Congratulations to Jhullian Alston for being selected for the 2020 MilliporeSigma Fellowship

Jhullian AlstonJhullian Alston (JJ) is a fourth-year graduate student in the Biochemistry, Biophysics, and Structural Biology (BBSB) program. He is completing his Ph.D. thesis work jointly between the labs of Dr. Andrea Soranno and Dr. Alex Holehouse, where he combines computational biophysics with single-molecule fluorescence spectroscopy to understand how intrinsically disordered regions within a protein can affect interactions with both proteins and nucleic acids.

Jhullian joined the BBSB program after receiving his B.A. in Biology from The University of Maryland, Baltimore County where he was a Meyerhoff and MARC Scholar. Prior to starting his Ph.D. work, Jhullian had a diverse research background, studying nerve injury after radical prostatectomy, developing mouse models of prostate cancer, using CRISPR to develop fusion proteins in P. falciparum and C. elegans, and investigating the effects of O-GlcNAcylation.

Since joining the labs of Dr. Andrea Soranno and Dr. Alex Holehouse, both Assistant Professors in the Department of Biochemistry and Molecular Biophysics, Jhullian has studied how intrinsically disordered regions bind and condense nucleic acids, with an initial focus on how the telomeric protein TRF2, with its highly positively charged N-terminal intrinsically disordered region, mediates telomere compaction. While working on TRF2 he applied coarse grained simulations to model how specific binding motifs affect single chain condensation of polymers to better understand nucleic condensation. This led to him becoming intrigued by another example of nucleic acid condensation, the packaging of the SARS-CoV-2 viral genome. The SARS-CoV-2 Nucleocapsid protein, which contains three intrinsically disordered regions, is responsible for the packaging of the viral genome of SARS-CoV-2 virus. Yet how the Nucleocapsid protein drives selective genome packaging is still poorly understood. He has applied coarse grained and all-atom simulations to understand the selective condensation of RNA mediated by the nucleocapsid protein while providing a detailed conformational description of the protein. This current investigation has laid the groundwork for interrogating how conformational changes of the Nucleocapsid protein, upon binding to specific RNA sequences, modulates its ability to condense single and multiple RNA molecules. To answer this question, he will use atomistic and coarse-grained simulations, in concert with single molecule Foerster Resonance Energy Transfer and Fluorescence Correlation Spectroscopy.

Jhullian currently serves on the Biochemistry and Molecular Biophysics departmental Student Liaison Committee and is the Co-Chair for the Association of Black Biomedical Graduate Students.

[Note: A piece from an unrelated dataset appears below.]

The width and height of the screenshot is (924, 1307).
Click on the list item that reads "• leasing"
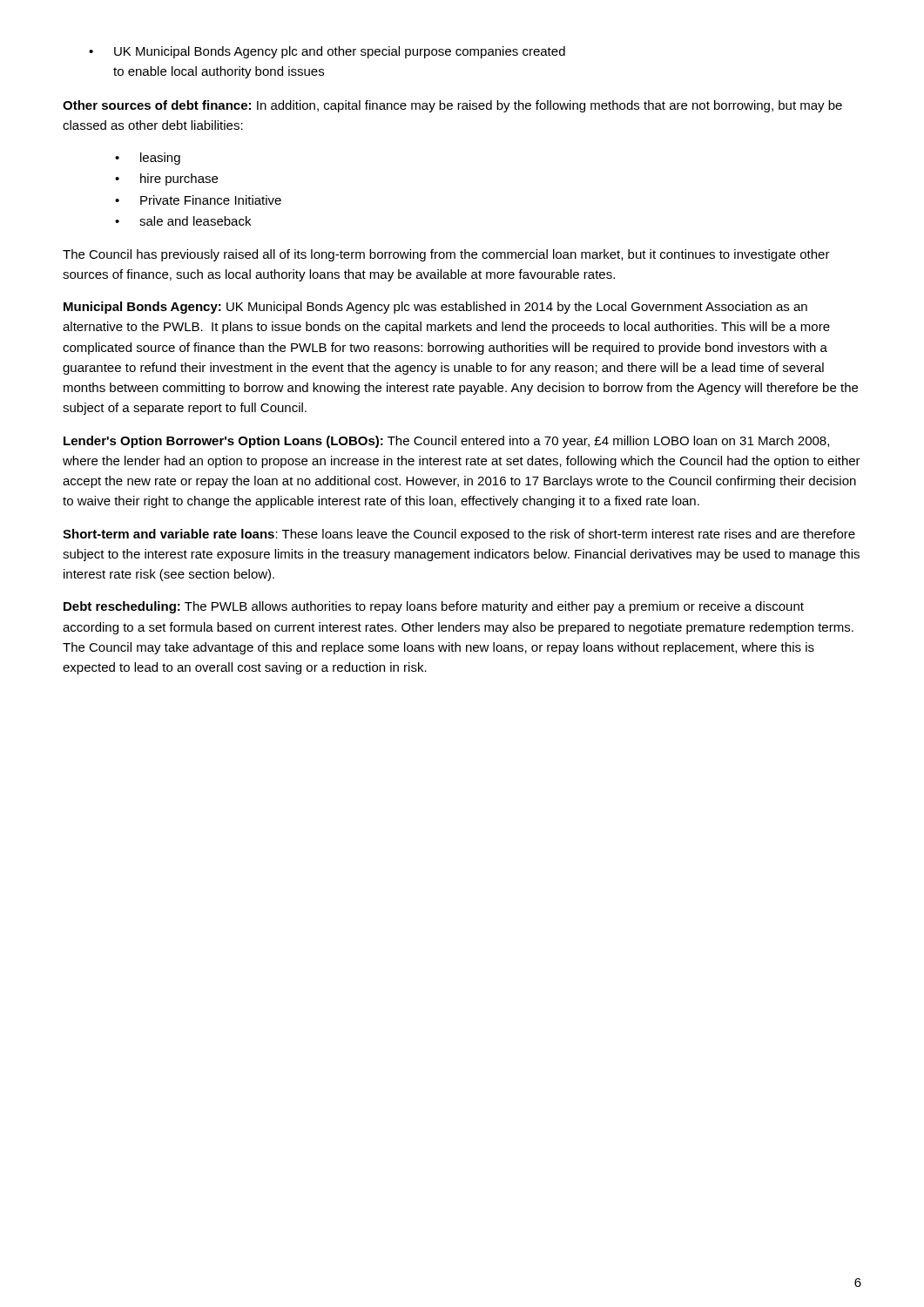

The Sigma award provides funds for educational expenses. Sigma Chemical Company, which is now MilliporeSigma, created the fellowship in 1958 as a gift to the Department of Biological Chemistry (now Biochemistry and Molecular Biophysics) in memory of Dr. Gerty Cori. Dr. Cori and her husband, Dr. Carl Cori, performed research in the Department of Biological Chemistry. They won a Nobel Prize in 1947 for their discoveries of how glycogen is broken down and re-synthesized within the body.